Ecosystem services are sustained by an interaction between abiotic and biological processes. Thus, biological processes such as primary production account for only a part of ecosystem services. Water provisioning depends on biological processes as well as physical ones, such as those that drive the climate system. Similarly, it may be the presence of a particular striking feature, such as a blue whale or the Grand Canyon, that delivers a service, largely independent of any current biological processes (although historic biological processes were required to produce the blue whale and the Grand Canyon to begin with). The abiotic environment, such as the geomorphology of the landscape or the climate and the hydrosphere, largely sets the constraints within which biological communities develop. The abiotic environment is, however, by no means unaffected by the biological system. Water flow, for example, is determined by the climate and hydrology, but trees may play a large role in channeling water back to the atmosphere, thereby potentially affecting groundwater levels and even large-scale climate patterns (figure 1).

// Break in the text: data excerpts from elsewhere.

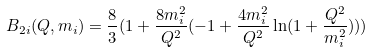<formula> <loc_0><loc_0><loc_500><loc_500>B _ { 2 i } ( Q , m _ { i } ) = \frac { 8 } { 3 } ( 1 + \frac { 8 m _ { i } ^ { 2 } } { Q ^ { 2 } } ( - 1 + \frac { 4 m _ { i } ^ { 2 } } { Q ^ { 2 } } \ln ( 1 + \frac { Q ^ { 2 } } { m _ { i } ^ { 2 } } ) ) )</formula> 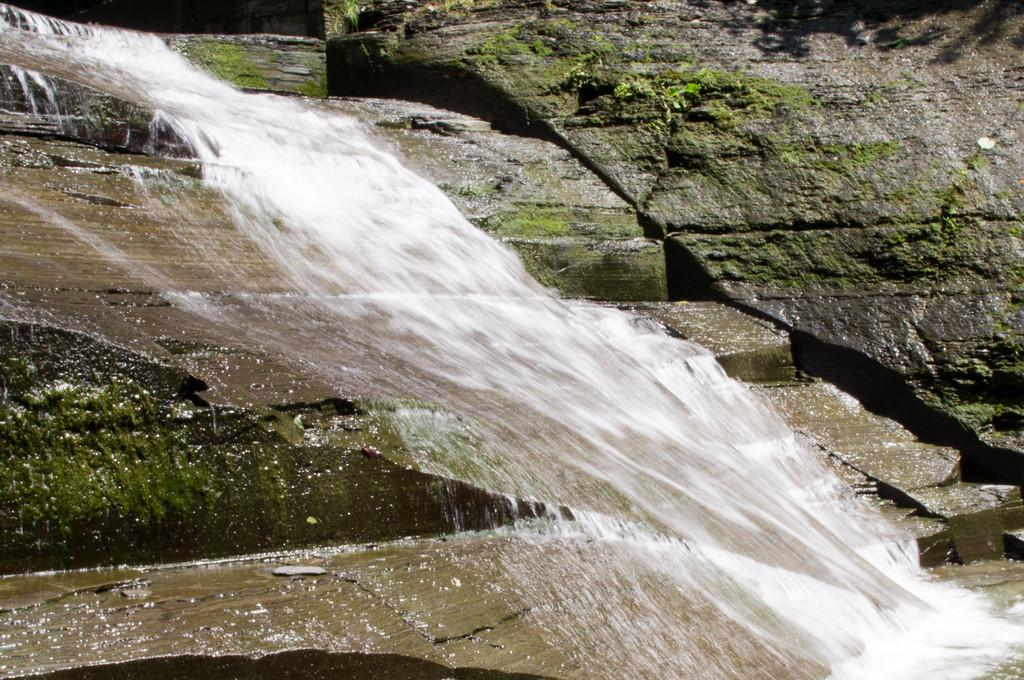What is happening in the image? Water is flowing in the image. What is the water flowing over? The water is flowing over rocks. What can be seen in the background of the image? There are rocks and a staircase visible in the background of the image. What type of art can be seen hanging on the walls of the farm in the image? There is no farm or art present in the image; it features water flowing over rocks with rocks and a staircase visible in the background. 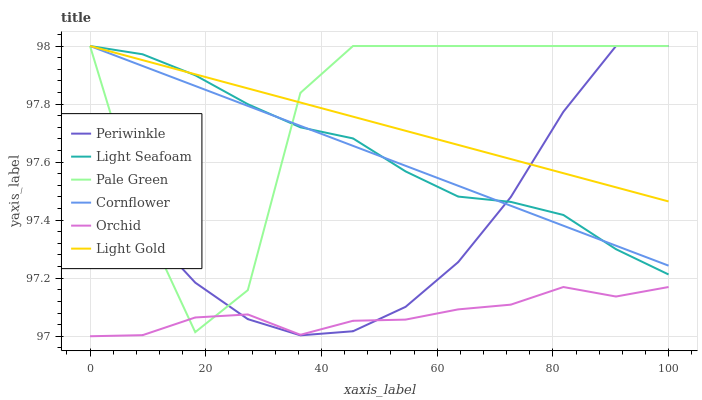Does Periwinkle have the minimum area under the curve?
Answer yes or no. No. Does Periwinkle have the maximum area under the curve?
Answer yes or no. No. Is Periwinkle the smoothest?
Answer yes or no. No. Is Periwinkle the roughest?
Answer yes or no. No. Does Pale Green have the lowest value?
Answer yes or no. No. Does Orchid have the highest value?
Answer yes or no. No. Is Orchid less than Light Seafoam?
Answer yes or no. Yes. Is Light Seafoam greater than Orchid?
Answer yes or no. Yes. Does Orchid intersect Light Seafoam?
Answer yes or no. No. 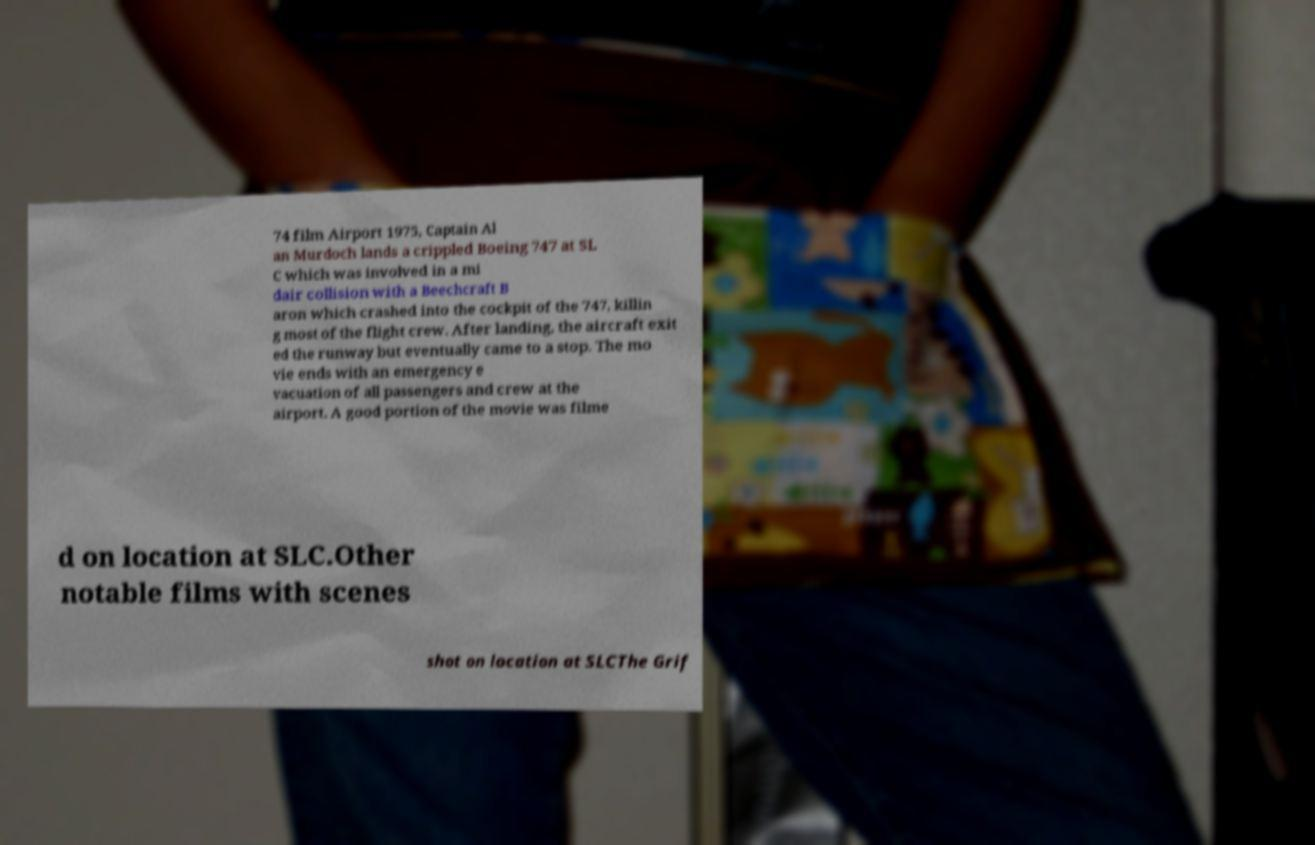Please read and relay the text visible in this image. What does it say? 74 film Airport 1975, Captain Al an Murdoch lands a crippled Boeing 747 at SL C which was involved in a mi dair collision with a Beechcraft B aron which crashed into the cockpit of the 747, killin g most of the flight crew. After landing, the aircraft exit ed the runway but eventually came to a stop. The mo vie ends with an emergency e vacuation of all passengers and crew at the airport. A good portion of the movie was filme d on location at SLC.Other notable films with scenes shot on location at SLCThe Grif 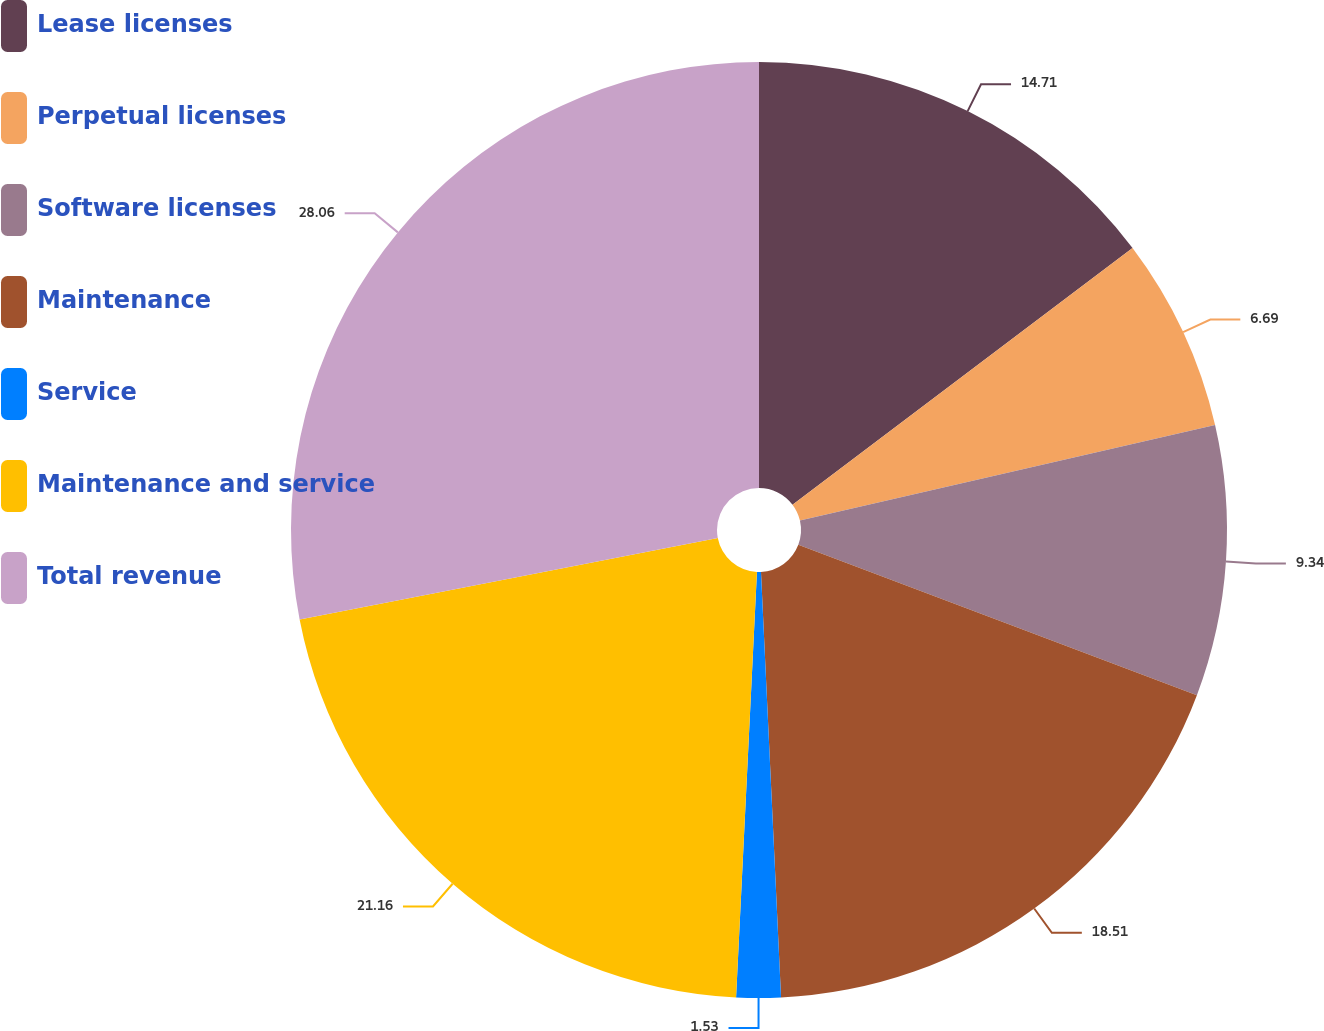Convert chart to OTSL. <chart><loc_0><loc_0><loc_500><loc_500><pie_chart><fcel>Lease licenses<fcel>Perpetual licenses<fcel>Software licenses<fcel>Maintenance<fcel>Service<fcel>Maintenance and service<fcel>Total revenue<nl><fcel>14.71%<fcel>6.69%<fcel>9.34%<fcel>18.51%<fcel>1.53%<fcel>21.16%<fcel>28.06%<nl></chart> 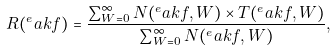Convert formula to latex. <formula><loc_0><loc_0><loc_500><loc_500>R ( ^ { e } a k f ) = \frac { \sum _ { W = 0 } ^ { \infty } N ( ^ { e } a k f , W ) \times T ( ^ { e } a k f , W ) } { \sum _ { W = 0 } ^ { \infty } N ( ^ { e } a k f , W ) } ,</formula> 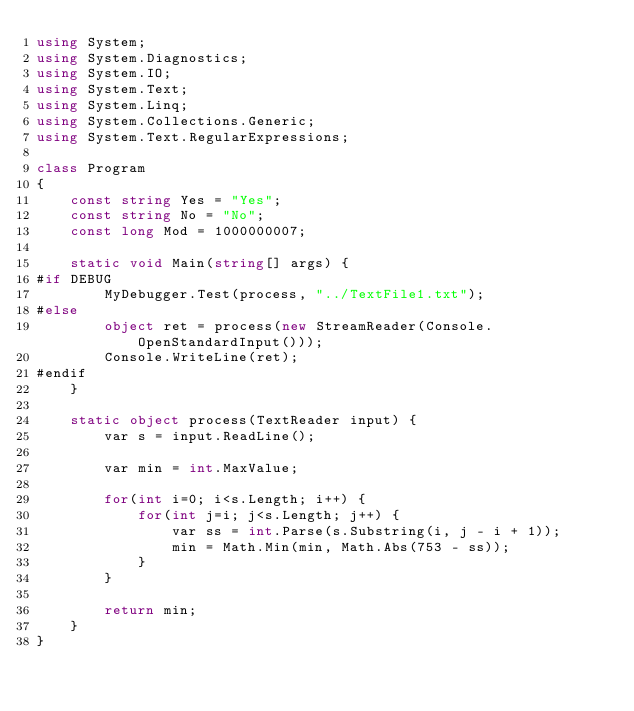<code> <loc_0><loc_0><loc_500><loc_500><_C#_>using System;
using System.Diagnostics;
using System.IO;
using System.Text;
using System.Linq;
using System.Collections.Generic;
using System.Text.RegularExpressions;

class Program
{
    const string Yes = "Yes";
    const string No = "No";
    const long Mod = 1000000007;

    static void Main(string[] args) {
#if DEBUG
        MyDebugger.Test(process, "../TextFile1.txt");
#else
        object ret = process(new StreamReader(Console.OpenStandardInput()));
        Console.WriteLine(ret);
#endif
    }

    static object process(TextReader input) {
        var s = input.ReadLine();

        var min = int.MaxValue;

        for(int i=0; i<s.Length; i++) {
            for(int j=i; j<s.Length; j++) {
                var ss = int.Parse(s.Substring(i, j - i + 1));
                min = Math.Min(min, Math.Abs(753 - ss));
            }
        }

        return min;
    }
}
</code>

The role of particular species in the ecosystem processes is determined by functional and morphological characteristics, i.e., traits. Functionally similar species may be involved in sustaining particular ecosystem processes either directly (e.g., provisioning services) or indirectly (e.g., support or regulating services). The attributes (traits) of particular species and the effects of environmental variables on the species as well as on physical processes fundamentally determine which ecosystem services are provided and at what level. To understand the role of species traits and the role of environmental variables in ecosystem services, we first need to elaborate on what species do in ecosystems.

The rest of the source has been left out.